The Pantry Method of Plotting

In writing, there are a lot of key principles that are easy to overlook when you're starting out. The funny thing is, most of the time they seem obvious once they've been pointed out. But before someone points them out to you, you probably never consider them.

The Pantry Method is one of those seemingly obvious things. It's a way of thinking, more than a rule, and it's as simple as this:

Plotting a story is like stocking a pantry.

When you go to the store, chances are you buy whatever you think you'll use, whatever your family is likely to eat, whatever looks good, whatever is a good deal. You get as much as you can afford within your budget.

When you get home, you put those groceries away in your pantry, fridge, and freezer. When it's time to make a meal, you only pull out the ingredients you need, and in a given grocery cycle, you may or may not use everything in your house.

Think of each scene in your novel as a meal.  You only need a handful of ingredients from the pantry to make it.  You don't add any ingredients that will take over, or clash with the main flavor of the meal.  But it's nice to know that you have a well-stocked pantry to pull from, because the meal could go in any direction.

By developing a solid foundation of notes, sketches and outlines, you stock your pantry for enough "meals" to get you to the next "grocery trip", or really, enough scenes to get you through a complete story.   But you may not necessarily use every ingredient in your pantry.  Often times, your character sheets will include info that never gets used in the story.   If you've done detailed setting sheets, maybe there's a detail or two that never comes up.

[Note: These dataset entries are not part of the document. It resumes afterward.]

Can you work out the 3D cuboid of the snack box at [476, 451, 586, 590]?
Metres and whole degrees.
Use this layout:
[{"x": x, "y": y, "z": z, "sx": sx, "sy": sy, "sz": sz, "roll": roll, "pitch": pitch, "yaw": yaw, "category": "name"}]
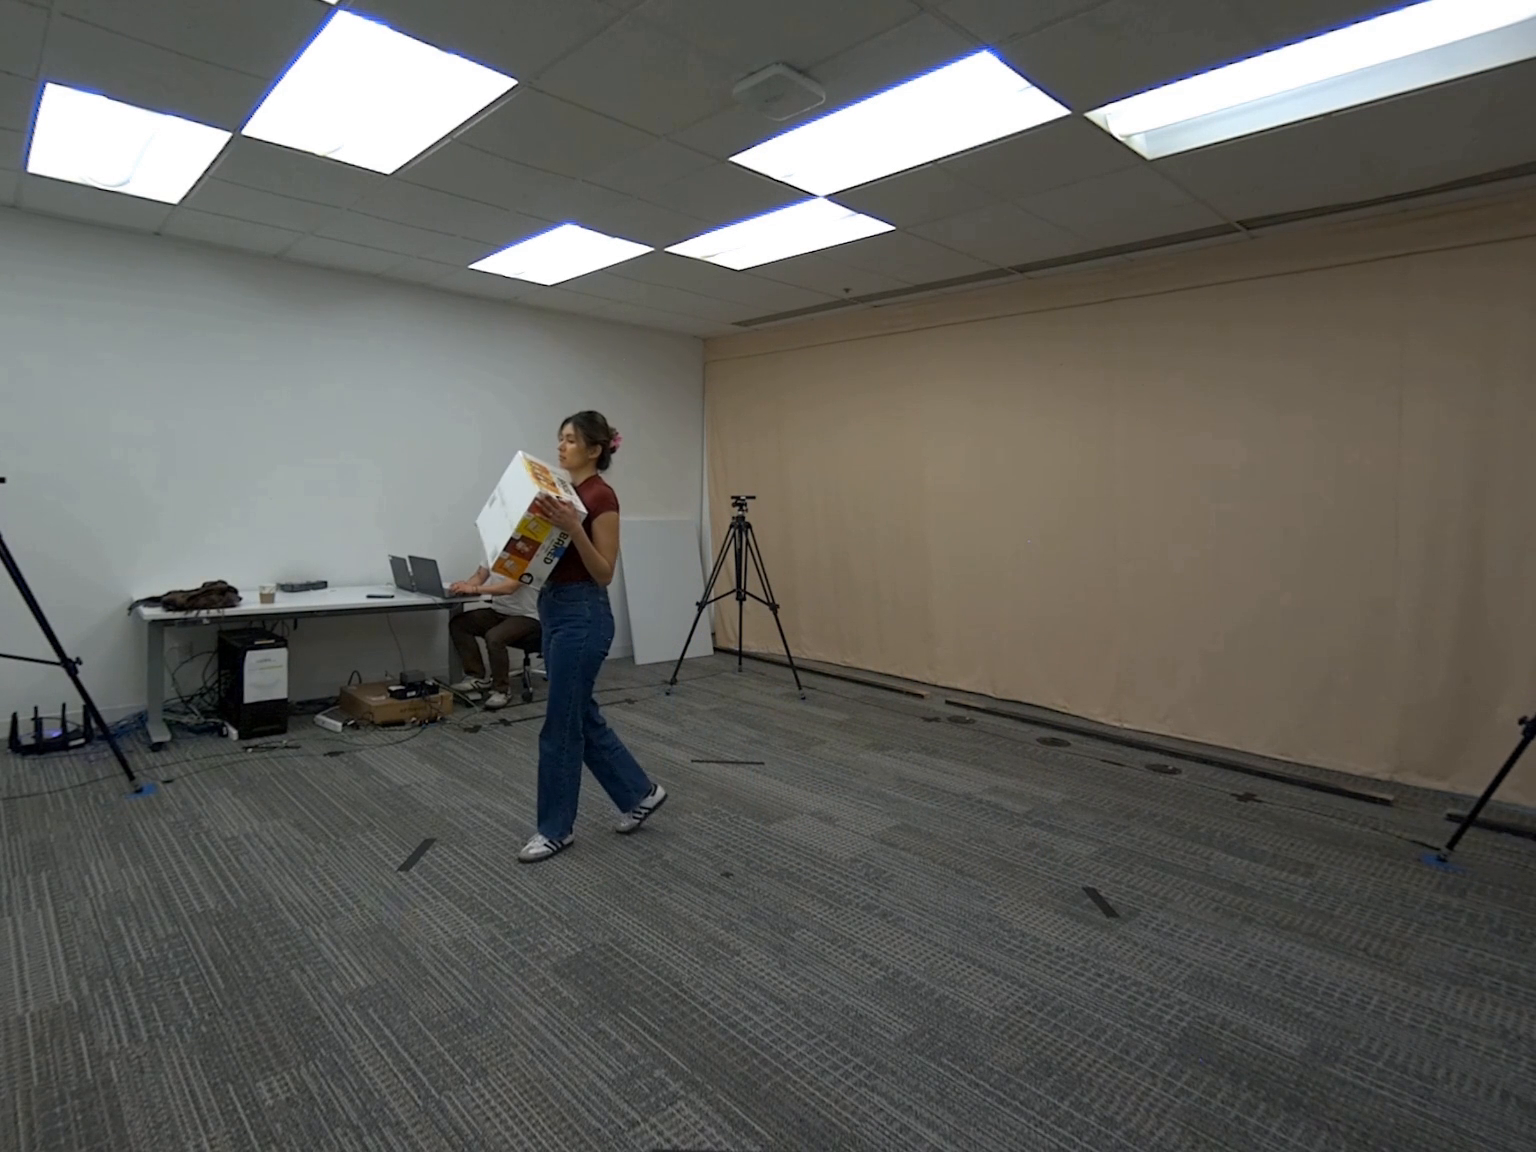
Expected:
[{"x": -0.889, "y": -0.211, "z": 3.136, "sx": 0.200, "sy": 0.340, "sz": 0.418, "roll": 27, "pitch": 13, "yaw": -36, "category": "snack box"}]
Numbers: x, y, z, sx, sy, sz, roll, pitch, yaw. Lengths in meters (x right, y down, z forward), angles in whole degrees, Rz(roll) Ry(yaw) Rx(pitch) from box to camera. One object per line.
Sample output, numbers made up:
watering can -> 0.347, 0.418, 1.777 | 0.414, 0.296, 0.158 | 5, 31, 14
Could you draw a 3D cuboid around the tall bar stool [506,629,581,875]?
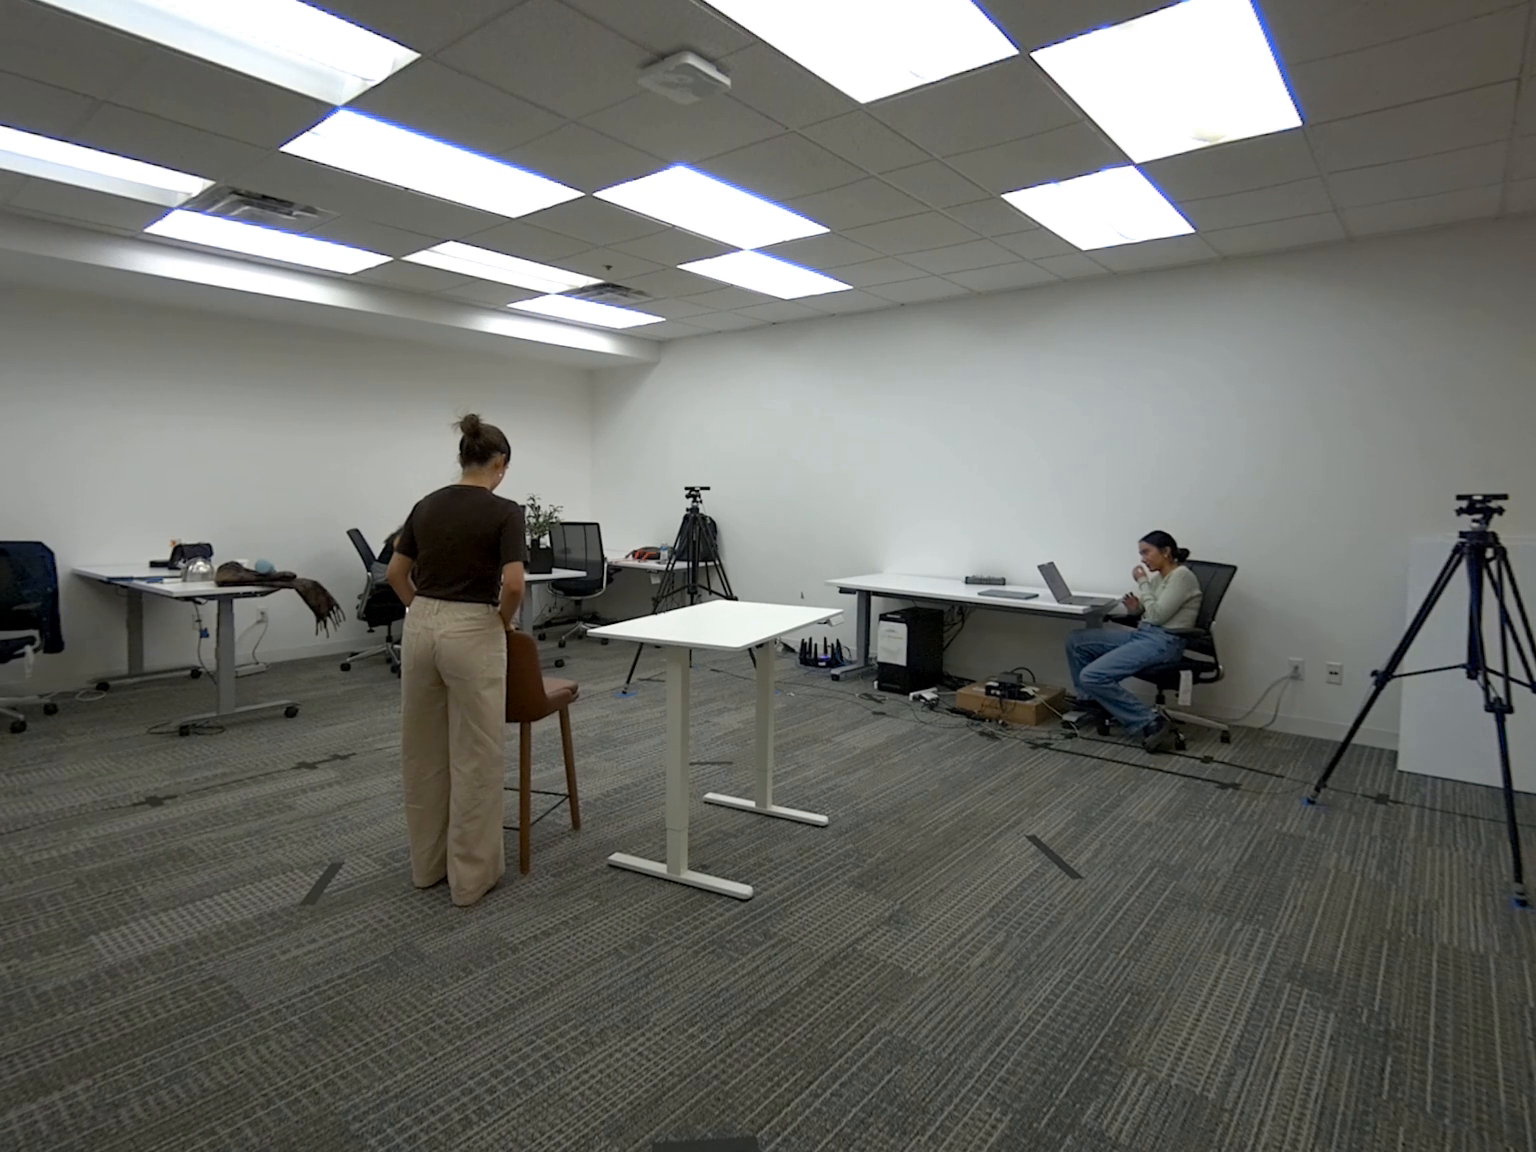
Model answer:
tall bar stool -> -1.012, 0.602, 3.271 | 0.464, 0.885, 0.463 | 1, 6, 14
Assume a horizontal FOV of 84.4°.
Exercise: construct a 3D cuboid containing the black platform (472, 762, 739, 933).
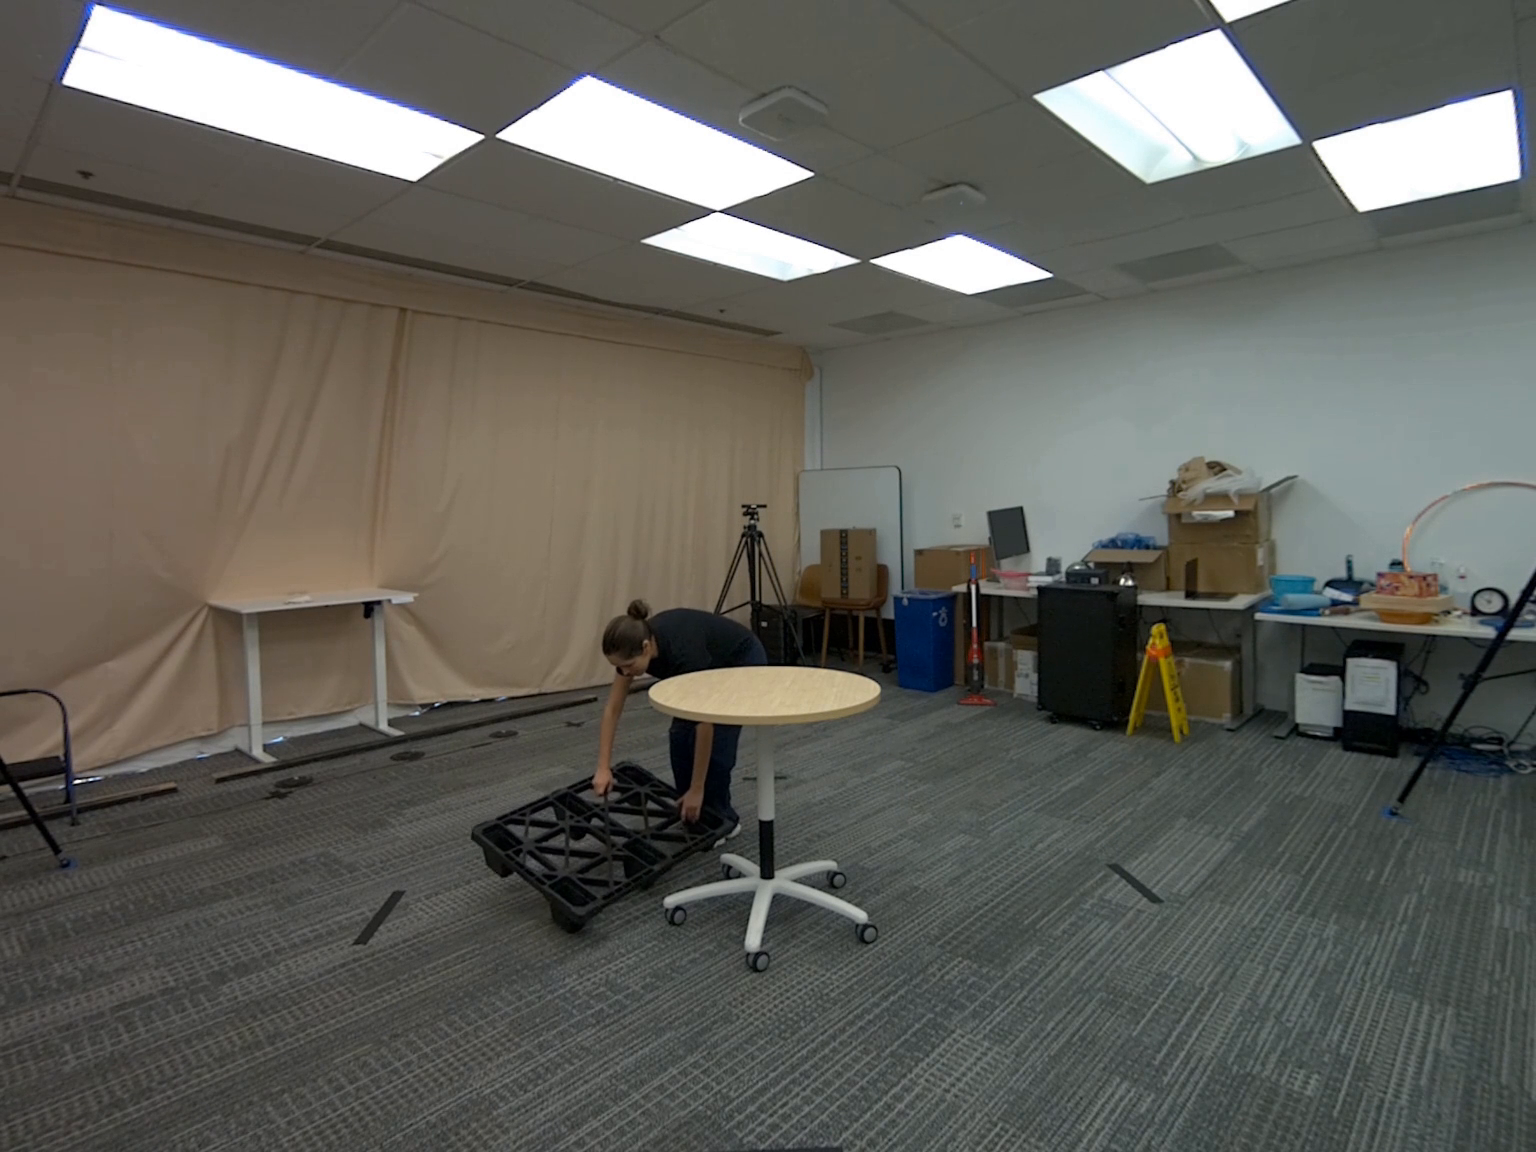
[{"bbox_3d":[-0.592,0.998,3.156,0.626,0.142,0.784,20,20,34],"label":"black platform"}]
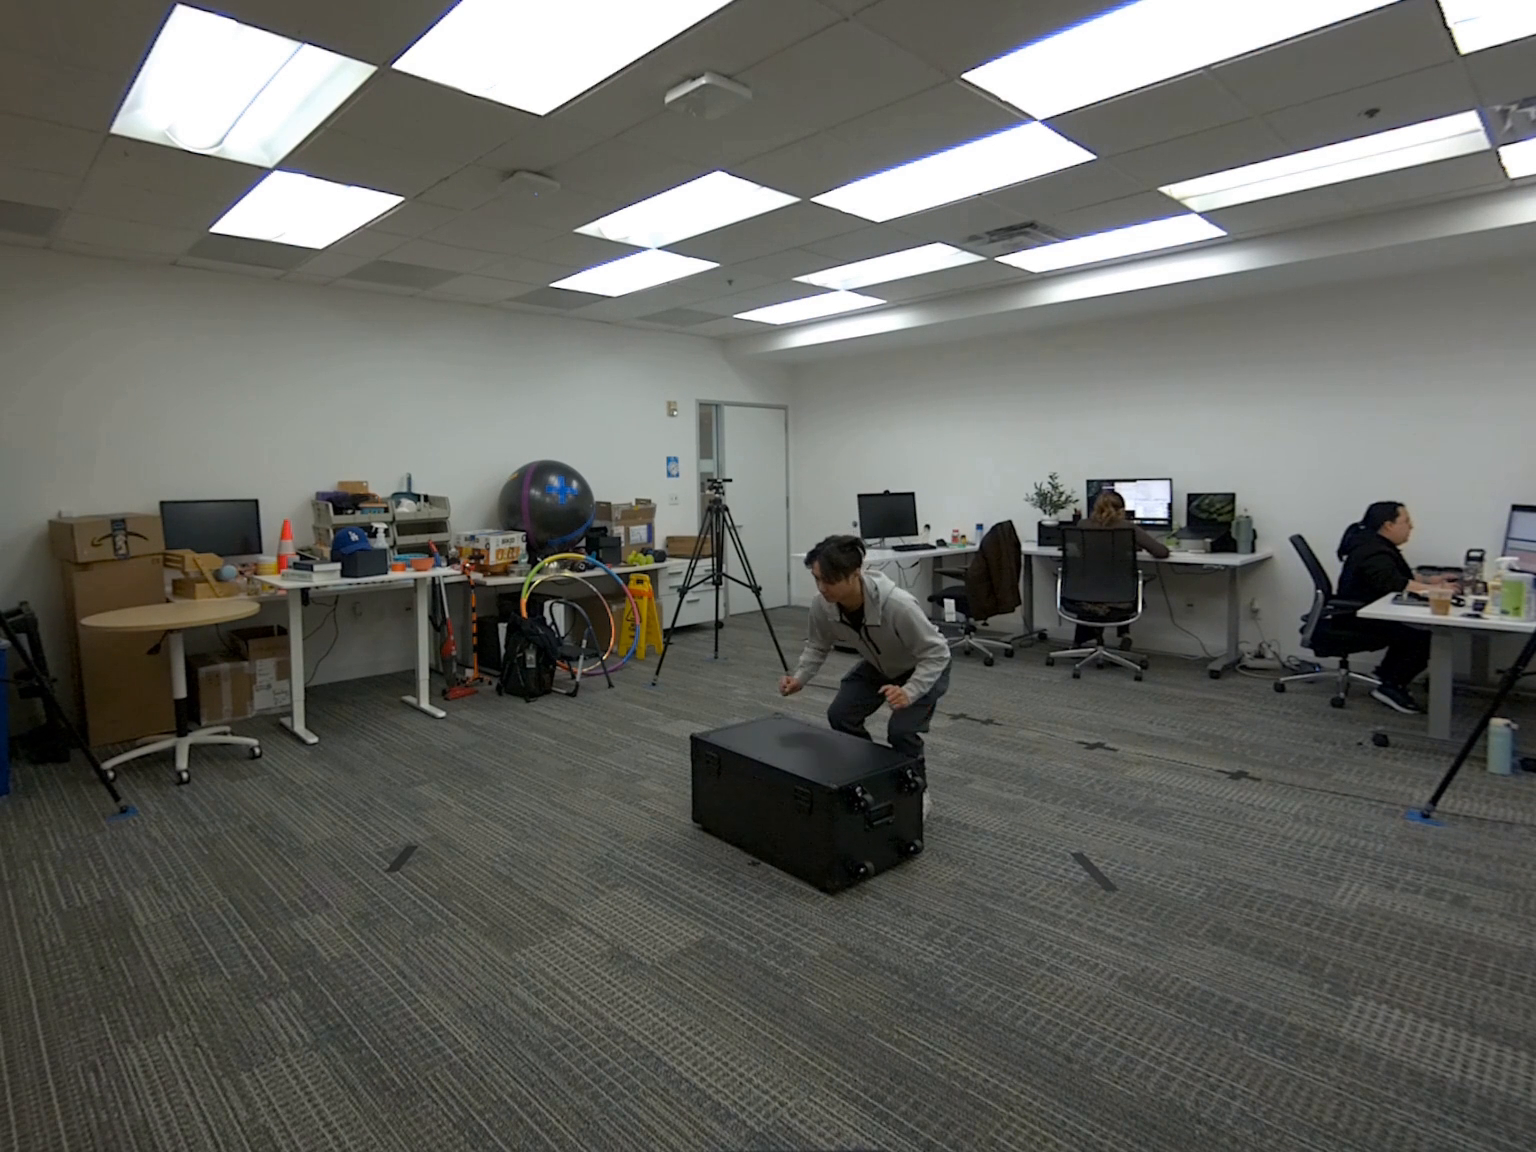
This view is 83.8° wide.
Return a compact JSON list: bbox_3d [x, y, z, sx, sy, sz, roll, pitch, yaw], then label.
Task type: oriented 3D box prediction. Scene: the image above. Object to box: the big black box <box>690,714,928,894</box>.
[{"bbox_3d":[0.150,0.834,3.248,0.507,0.395,0.888,-5,7,-42],"label":"big black box"}]

The point here, is that you don't need to use everything you've supplied, and you can go looking for extra ingredients any time you want.


This way of thinking will help you avoid feeling boxed in.  Just because you've bought a certain group of groceries doesn't mean you have to make a specific meal.  And an outline is not a strict to do list.  Outlines are constantly evolving as the story goes through unexpected changes.  That is the magic of writing.

If you take one thing away, let it be this:

The outline doesn't determine the story, the characters do.

Give your characters a well-stocked pantry to draw from, and be ready for them to surprise you.  Your final draft might look nothing like the outline, but without a well-stocked pantry, nobody eats.